I've tried all the possible side splitter and angle bisector theorem stuff and I still can't come up with the correct answer. I even tried some law of cosine and sine stuff, but nothing. Any help would be gladly appreciated. Thanks.

Answer 1

Observe triangles $ADE$ and $ABC$ are similar. Since $BC || DE$ and $BF$ is an angle bisector of $\angle \, A$ $$\angle \,DBF = \angle \, CBF = \angle \, DFB$$ so triangles $BDF$ is isosceles with $BD = DF$. Analogously $CE=EF$. Hence the perimeter $P_{ADE}$ of triangle $ADE$ is $$P_{ADE} = AD+DF+AE+EF = AD+DB + AE+EC = AB + AC = 26 + 34 = 60$$ The perimeter $P_{ABC}$ of $ABC$ is $$P_{ABC} = AB + BC+AC = 26+4=+54 = 100$$ By the similarity of $ADE$ and $ABC$ $$\frac{DE}{BC} = \frac{P_{ADE}}{P_{ABC}} = \frac{60}{100} = \frac{3}{5}$$ Since $BC = 40$ $$DE = \frac{3}{5} \, 40 = 24$$

Answer 2

You can do this with the angle bisector theorem used twice.
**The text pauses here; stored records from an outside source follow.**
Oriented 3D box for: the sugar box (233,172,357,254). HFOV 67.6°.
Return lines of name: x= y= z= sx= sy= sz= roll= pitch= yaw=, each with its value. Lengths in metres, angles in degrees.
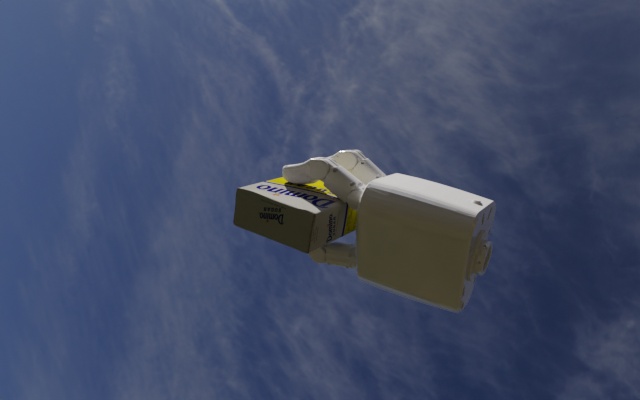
sugar box: x=0.000 y=0.001 z=0.514 sx=0.093 sy=0.048 sz=0.176 roll=18 pitch=17 yaw=28
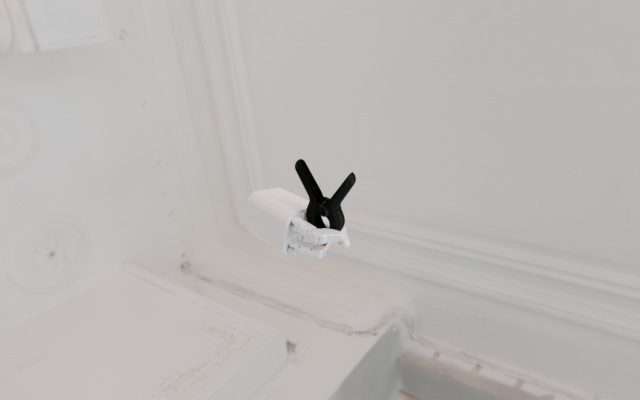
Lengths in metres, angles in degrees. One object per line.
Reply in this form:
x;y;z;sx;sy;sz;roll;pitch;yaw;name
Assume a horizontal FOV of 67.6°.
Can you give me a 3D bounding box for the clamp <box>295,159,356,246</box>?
0.001;0.003;0.882;0.120;0.172;0.039;28;38;26;clamp
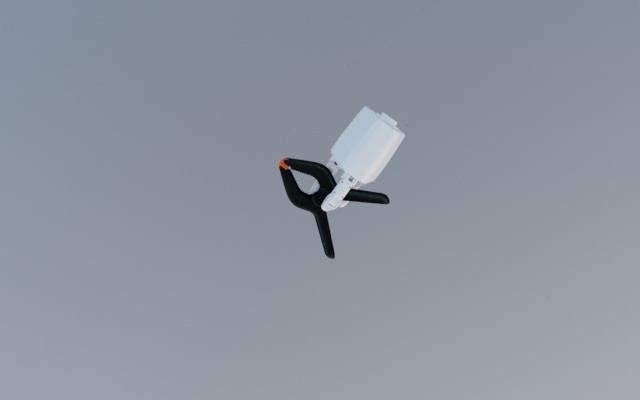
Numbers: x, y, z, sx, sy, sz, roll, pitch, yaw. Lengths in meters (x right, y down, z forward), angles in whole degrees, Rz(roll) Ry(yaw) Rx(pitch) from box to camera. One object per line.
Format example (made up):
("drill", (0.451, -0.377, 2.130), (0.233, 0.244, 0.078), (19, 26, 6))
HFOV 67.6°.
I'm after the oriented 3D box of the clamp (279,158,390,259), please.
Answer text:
("clamp", (0.000, 0.003, 0.895), (0.210, 0.164, 0.036), (34, 14, -7))
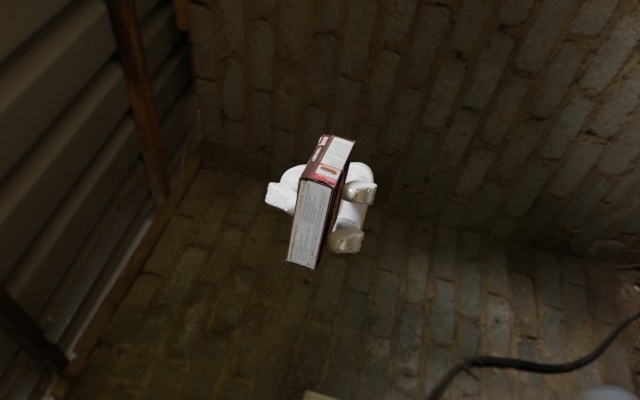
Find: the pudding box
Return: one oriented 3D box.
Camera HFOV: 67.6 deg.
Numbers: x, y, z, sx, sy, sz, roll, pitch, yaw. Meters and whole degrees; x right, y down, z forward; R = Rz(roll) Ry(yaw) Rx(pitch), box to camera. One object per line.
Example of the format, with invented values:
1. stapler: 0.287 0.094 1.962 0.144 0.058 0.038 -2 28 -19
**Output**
1. pudding box: 0.000 0.002 0.493 0.039 0.114 0.090 15 38 7
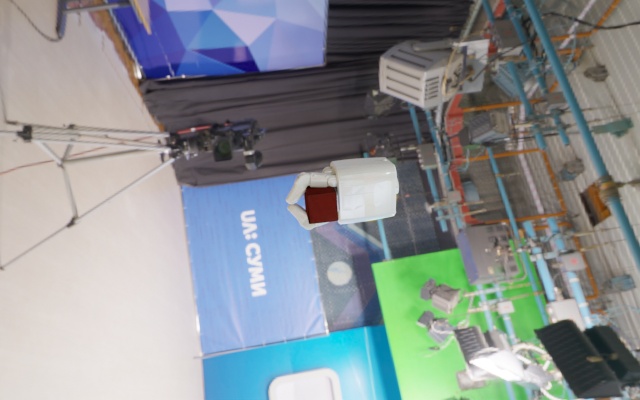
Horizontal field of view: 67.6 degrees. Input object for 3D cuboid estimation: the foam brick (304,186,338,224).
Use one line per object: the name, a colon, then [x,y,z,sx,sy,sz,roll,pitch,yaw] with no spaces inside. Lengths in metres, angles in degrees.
foam brick: [0.000,0.003,0.830,0.051,0.053,0.078,-5,16,-4]
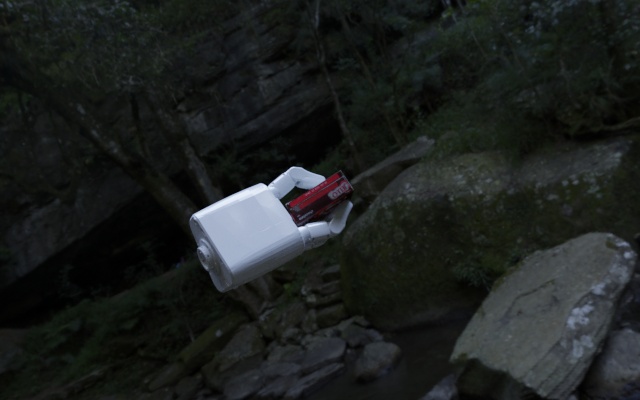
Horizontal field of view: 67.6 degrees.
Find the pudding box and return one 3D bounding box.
[{"bbox_3d":[0.000,0.002,0.688,0.090,0.039,0.113,-31,-4,-2],"label":"pudding box"}]
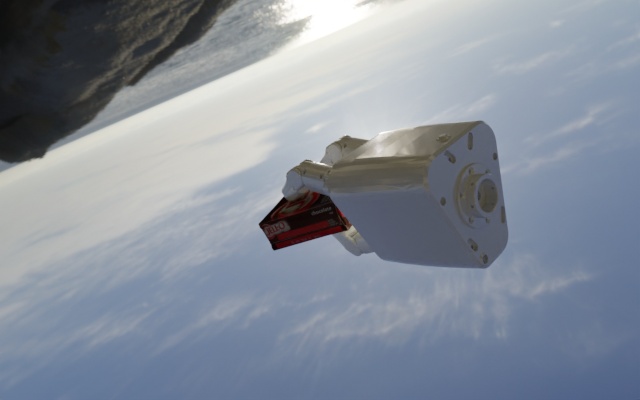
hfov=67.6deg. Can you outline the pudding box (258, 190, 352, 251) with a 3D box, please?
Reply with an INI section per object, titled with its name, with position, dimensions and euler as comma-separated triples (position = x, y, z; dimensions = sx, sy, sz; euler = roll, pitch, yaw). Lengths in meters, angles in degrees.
[pudding box]
position = 0.000, 0.002, 0.500
dimensions = 0.090, 0.039, 0.113
euler = -17, 17, 28
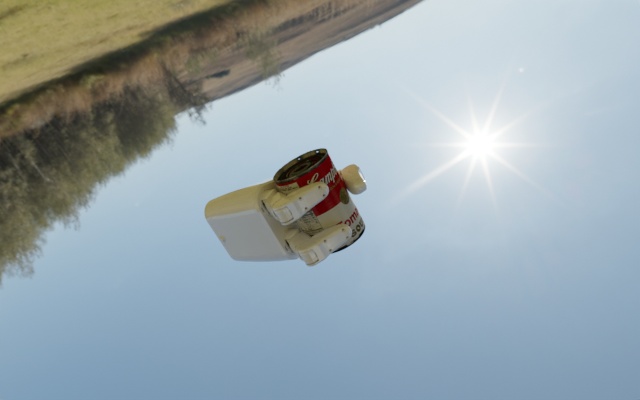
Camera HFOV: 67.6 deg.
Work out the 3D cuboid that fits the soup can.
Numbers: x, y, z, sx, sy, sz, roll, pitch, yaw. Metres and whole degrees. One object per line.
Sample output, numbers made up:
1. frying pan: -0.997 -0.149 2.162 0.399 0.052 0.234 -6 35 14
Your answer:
1. soup can: 0.001 0.002 0.540 0.068 0.102 0.068 -25 20 10

First observe that $AF$ bisects $\angle BAC$, (because angle bisectors are concurrent) so continue $AF$ to meet $BC$ at point $G$. Then $G$ divides $BC$ in the ratio 26:34 so $BG = \frac {40}{60} 26 =\frac {52}{3}$

Then $BF$ divides $AG$ in the ratio $26:\frac{52}3 = 3:2$ giving $AF:AG$ as $3:5$. Thus through similarity of $\triangle ABC$ and $\triangle ADE$ the ratio between $DE$ and $BC$ is also $3:5$ i.e. $\fbox{$DE=24$}$

Answer 3

Try with Heron's formula to get the area of the big triangle two ways:

• First calculate it as a function of the three sides, using Heron's directly.

• Calculate the height of the triangle ABC $=h_{ABC}$ from the areas just calculated.

• Then calculate the radius of the incircle, using this example and knowledge of the relationship of the incircle to the bisected angles of the triangle.

  • subtract this radius from the height of ABC $=h_{ABC}$ to get the height of triangle ADE $=h_{ADE}$.

• Now use proportionality of similar triangles:

$$\frac{h_{ADE}}{h_{ABC}}= \frac{|DE|}{40}$$

Answer 4

Let $S$ be the area of the triangle, let $p$ be its perimeter, $r$ its inradius, and $h_A$ its altitude from $A$. Also write $BC = a$, $AC = b$, $AB = c$.

Note that $F$ is the incentre of $ABC$, hence the distance from $F$ to $BC$ is $r$. Now we have $$\frac{DE}{a} = 1 - \frac{r}{h_A} = 1 - \frac{2S/p}{2S/a} = 1 - \frac{a}{p} = \frac{b + c}{p}$$ hence $$DE = \frac{a(b+c)}{p} = \frac{40(34 + 26)}{100} = 24.$$